Exercise brief
Nothing but the lines from the one containing "An invented example" through the last line of the material should appear in the answer, transcribed exactly, pictures excluded.
-- Task inputs follows --
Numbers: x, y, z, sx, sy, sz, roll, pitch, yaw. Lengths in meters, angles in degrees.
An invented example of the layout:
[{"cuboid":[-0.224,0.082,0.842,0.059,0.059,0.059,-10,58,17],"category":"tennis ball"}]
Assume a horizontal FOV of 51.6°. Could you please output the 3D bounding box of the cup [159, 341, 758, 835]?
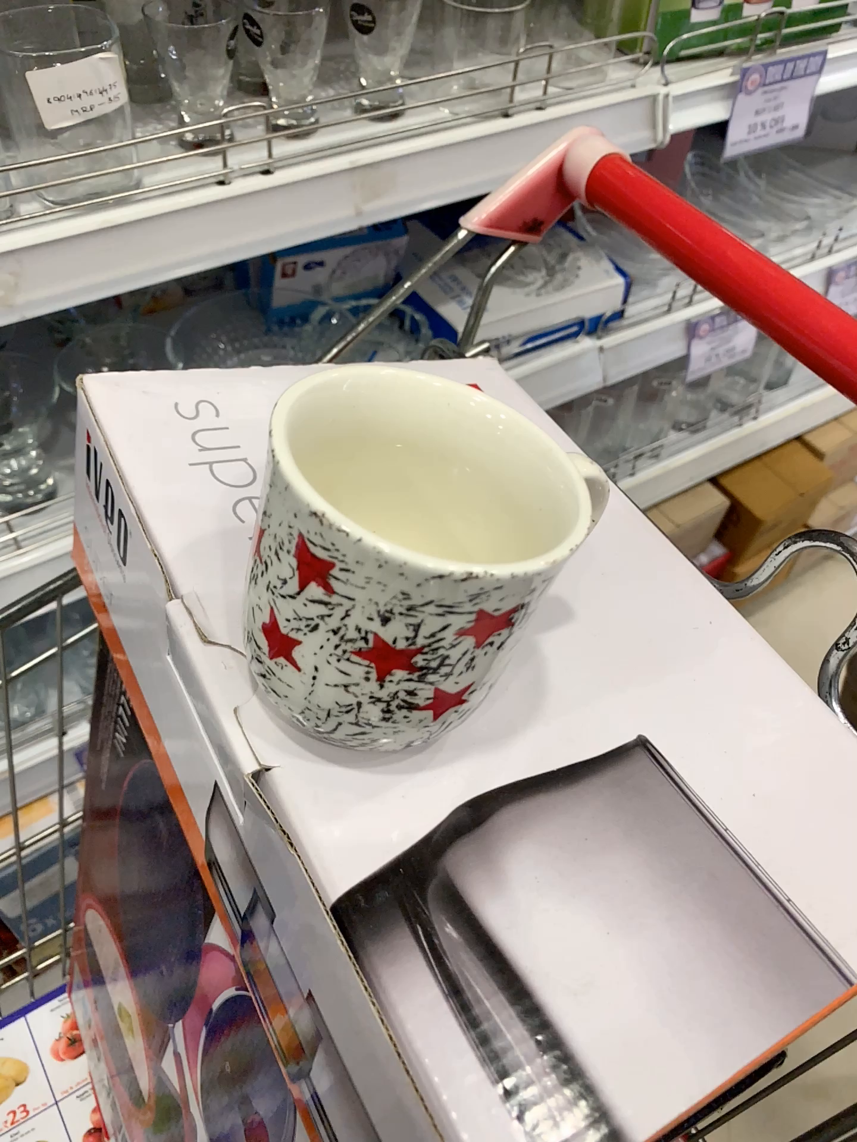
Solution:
[{"cuboid":[0.004,0.000,0.207,0.100,0.070,0.070,-5,47,-38],"category":"cup"}]
-- Task inputs concluded --
Your solution
An invented example of the layout:
[{"cuboid":[-0.224,0.082,0.842,0.059,0.059,0.059,-10,58,17],"category":"tennis ball"}]
Assume a horizontal FOV of 51.6°. Could you please output the 3D bounding box of the cup [159, 341, 758, 835]?
Solution:
[{"cuboid":[0.004,0.000,0.207,0.100,0.070,0.070,-5,47,-38],"category":"cup"}]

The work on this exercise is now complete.